Title Light of the Sword Lady of Valor
Portfolio Honor Justice Rulership Valor
Alignment Lawful Good
Worshipers Paladins, knights, warriors
Worshiper Alignment LG,LN,NG
Domains Glory, Good, Law, Sun, War
Subdomains Archon, Day, Heroism, Honor, Light, Tactics
Symbol Sword and sun
Allows creation or rising of undead: No
Favored Weapon Longsword
Favored Animal(s) Lion

Samaria is the Goddess of honor, justice, rulership, and valor


Hold your primary weapon in front of you and hang a holy symbol of Samaria from it. Kneel while focusing on the holy symbol, pray for guidance and protection from her and swear to follow her teachings. Gain a +4 sacred bonus on Diplomacy and Knowledge (nobility) checks.


Samaria used to be a Human woman that lived in Aleris about 700 years ago.she was a hero and a saint before her ascension having done many great deeds for man kind and saved them from many a tyranical threat.her personal life is unknown only her deeds that lead to her ascension.

She is a righteous knight, fearless in fighting for her beliefs, and a missionary and crusader on behalf of the benign sovereignty of good and merciful justice for evil. She would rather convince evildoers to lay down their arms
in honorable surrender than cut them down, but she will wield her mighty sword against those who persist in serving evil. She loathes incorrigible evil, fiendspawn, traitors, and those who abuse good in the name
of"greater" good. Samaria's avatar appears as a fierce Alerian swordswoman, resplendent in gleaming battle armor with heraldic markings, and brandishing a longsword and shield.
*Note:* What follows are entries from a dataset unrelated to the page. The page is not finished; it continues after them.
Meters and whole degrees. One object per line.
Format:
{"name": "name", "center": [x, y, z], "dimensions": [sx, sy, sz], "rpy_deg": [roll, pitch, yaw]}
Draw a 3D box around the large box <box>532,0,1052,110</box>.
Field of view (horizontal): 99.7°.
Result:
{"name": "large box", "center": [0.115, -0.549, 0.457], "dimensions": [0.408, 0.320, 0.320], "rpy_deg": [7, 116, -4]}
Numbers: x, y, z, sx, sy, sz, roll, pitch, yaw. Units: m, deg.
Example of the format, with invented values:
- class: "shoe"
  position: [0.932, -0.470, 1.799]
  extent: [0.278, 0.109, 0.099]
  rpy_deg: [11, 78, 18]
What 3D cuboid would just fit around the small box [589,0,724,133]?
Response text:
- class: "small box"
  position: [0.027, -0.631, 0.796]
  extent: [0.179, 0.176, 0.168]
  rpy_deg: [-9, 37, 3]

When she is roused to battle, her white cloak turns red and her white-and-gold armor turns the silvergray of adamantine. The light from her shield blinds all evil, the force of her aura causing the corrupt to weaken

She shows her approval of mortals by making mundane objects take on swordlike forms, bathing her chosen warriors in mysterious white or golden lights, and exerting a compass-like pull on longswords to guide her servants. Common folk pushed to defend themselves may happen upon an old, rusty blade that still has the strength of a new weapon and grows shinier the more it is used in the name of justice and honor. Samaria shows her displeasure by flickering lights, shattering weapons, and turning metal dull. In the rare cases where one of her paladins embraces evil, it is said that the traitor's cloak shifts to black and his shining metal armor and sword turn to dull lead.
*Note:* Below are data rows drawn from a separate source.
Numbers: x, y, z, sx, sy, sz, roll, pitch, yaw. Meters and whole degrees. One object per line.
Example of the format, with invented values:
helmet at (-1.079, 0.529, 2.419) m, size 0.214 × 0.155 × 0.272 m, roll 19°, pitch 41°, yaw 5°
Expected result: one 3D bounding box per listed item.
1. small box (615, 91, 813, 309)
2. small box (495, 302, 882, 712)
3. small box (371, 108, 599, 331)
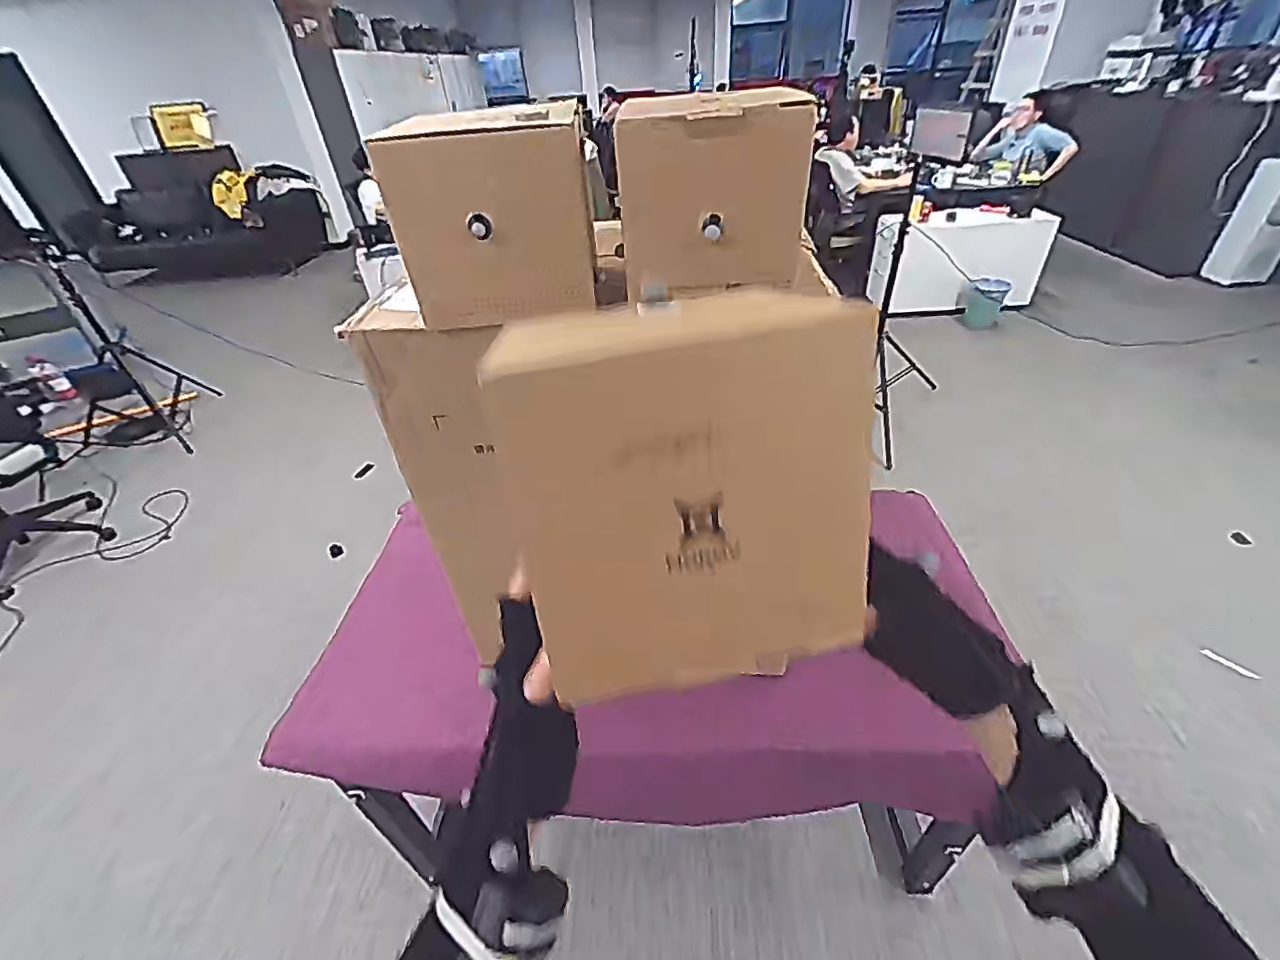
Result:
small box at (0.070, -0.283, 0.555) m, size 0.168 × 0.176 × 0.179 m, roll -1°, pitch 39°, yaw 4°
small box at (0.021, -0.002, 0.326) m, size 0.168 × 0.179 × 0.176 m, roll -12°, pitch 22°, yaw -5°
small box at (-0.135, -0.268, 0.557) m, size 0.179 × 0.176 × 0.168 m, roll -5°, pitch 39°, yaw 0°
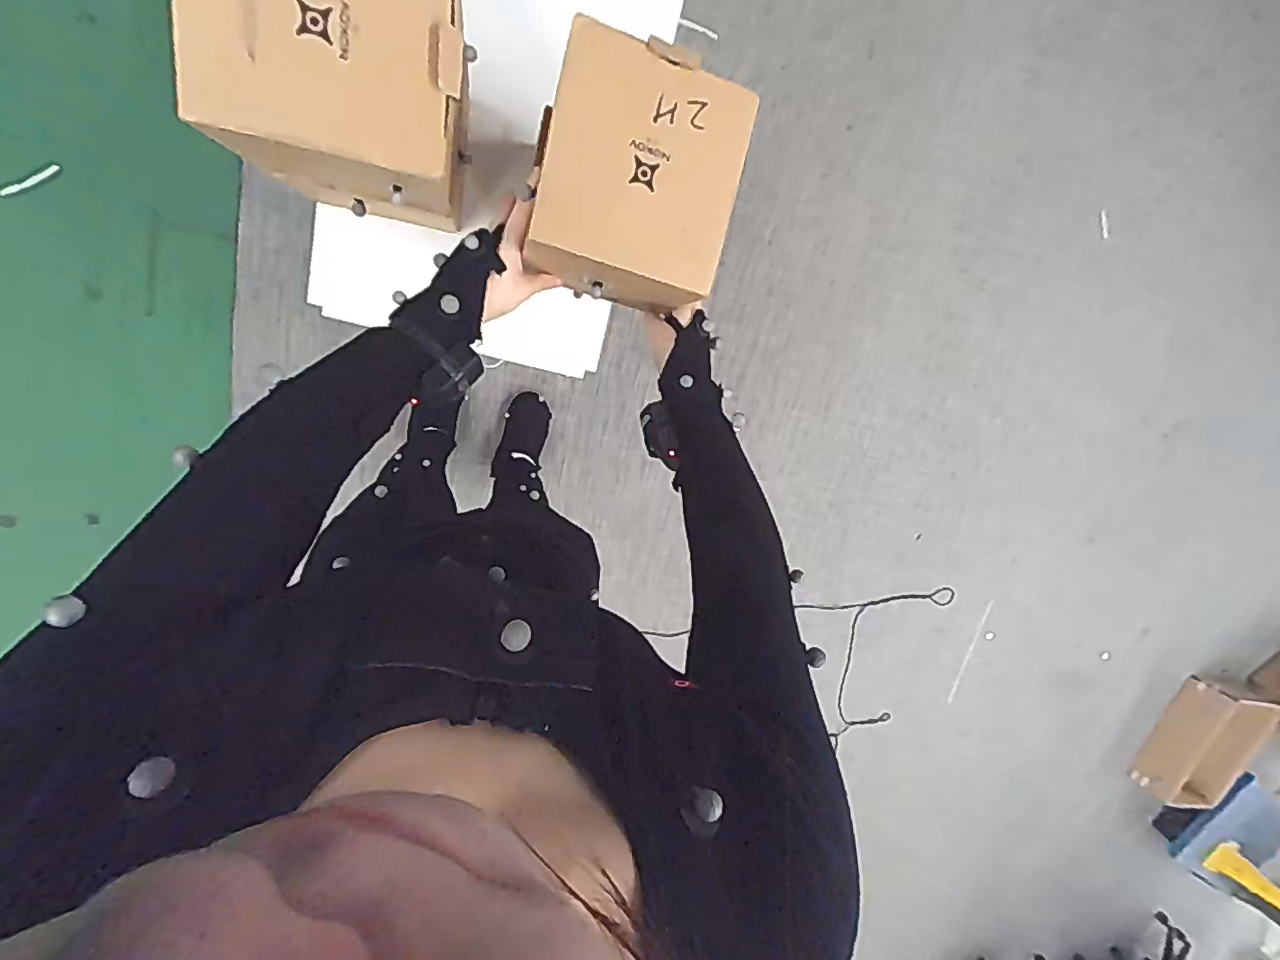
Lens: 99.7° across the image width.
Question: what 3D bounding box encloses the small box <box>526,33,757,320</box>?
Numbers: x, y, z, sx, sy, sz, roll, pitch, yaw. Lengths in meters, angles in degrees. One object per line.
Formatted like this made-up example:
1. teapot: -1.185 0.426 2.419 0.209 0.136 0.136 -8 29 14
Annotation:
1. small box: -0.014 -0.269 0.535 0.168 0.176 0.179 12 97 -18

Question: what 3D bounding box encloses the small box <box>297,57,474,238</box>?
1. small box: -0.287 -0.383 0.612 0.179 0.176 0.168 6 106 -19

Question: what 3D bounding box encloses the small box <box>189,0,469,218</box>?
1. small box: -0.242 -0.336 0.462 0.179 0.176 0.168 4 105 -18
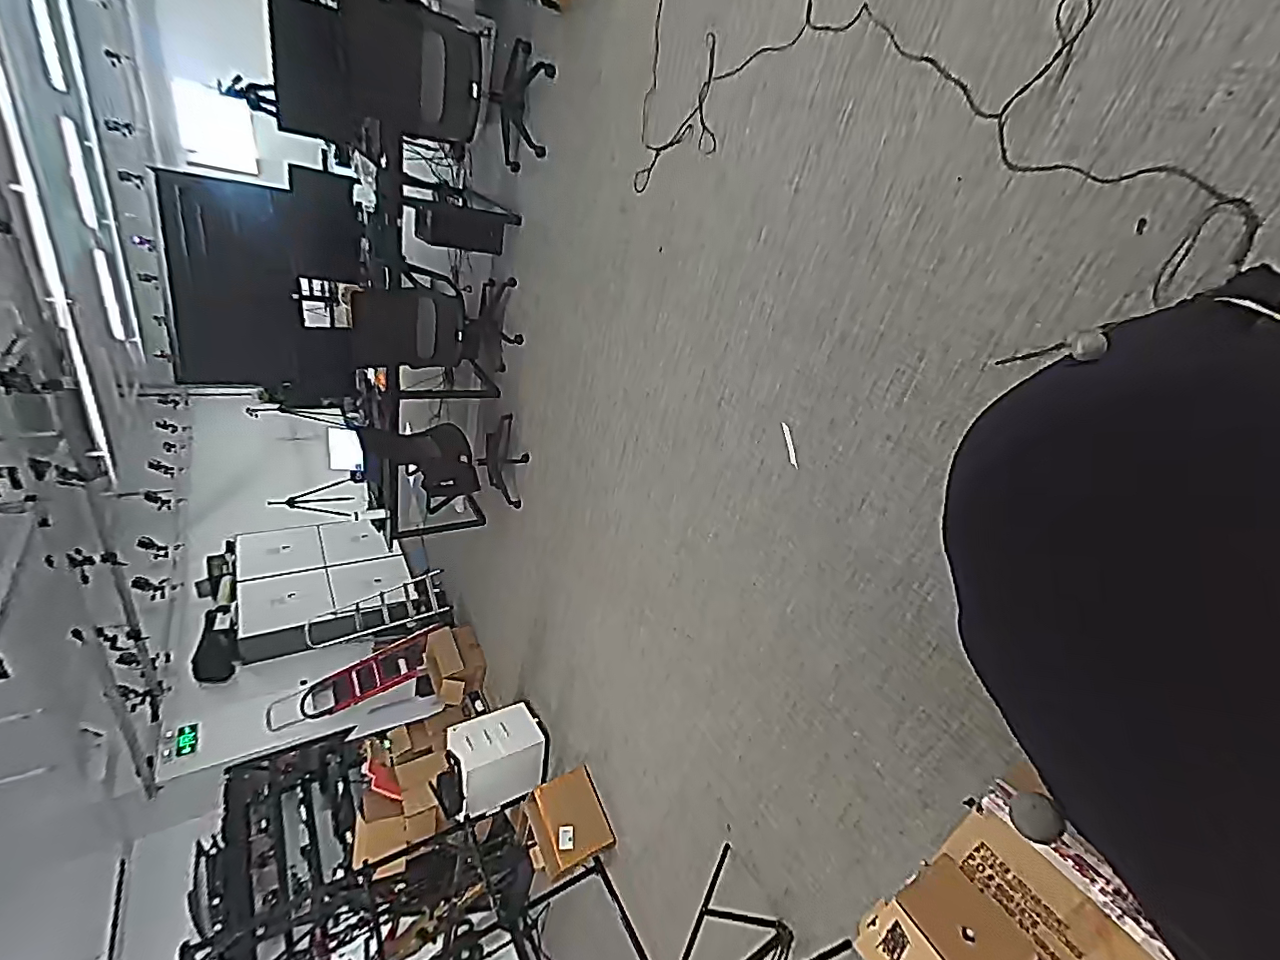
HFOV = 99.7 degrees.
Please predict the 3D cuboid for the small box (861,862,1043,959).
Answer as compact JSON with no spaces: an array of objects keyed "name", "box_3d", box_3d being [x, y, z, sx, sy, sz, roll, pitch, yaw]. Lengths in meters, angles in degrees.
[{"name":"small box","box_3d":[0.525,0.794,0.917,0.179,0.176,0.168,45,130,43]}]

As the major deity who was most recently mortal herself, Samaria has a strong empathic sense of human frailties and the costs of oppression. She ensures that her temples are havens for the weak and the overlooked, and many who initially come to her for refuge go on to become great warriors. Samaria is both fiercely martial and adamantly feminine, and commands the respect of any deity who deals with her. She expects her mortal servants to exercise courtesy and receive the same in their dealings with one another.

Samaria's holy symbol is "the sword of valor," a longsword surrounded by a burst of light, whether sunlight, fire, or some other energy. She is associated with lions, horses, eagles, griffons, and hippogriffs.

The Church

While members of some other virtuous faiths take a "live and let live" approach to dealing with the rest of the world, Samaria's followers strongly desire justice for everyone, honorable behavior from each individual, and
righteous leaders making good decisions for the welfare of all. A typical follower of Samaria is a right-minded, hardworking person, helpful toward others and ready to accept help when it is offered. Though a Samarite looks to church heroes to reshape the world into a better form through sword and spell, she also understands that fixing the world can be done through everyday activities like feeding one's family and friends, making one's
environment cleaner and safer for oneself and others, and ensuring that the local market is a welcoming and fair place.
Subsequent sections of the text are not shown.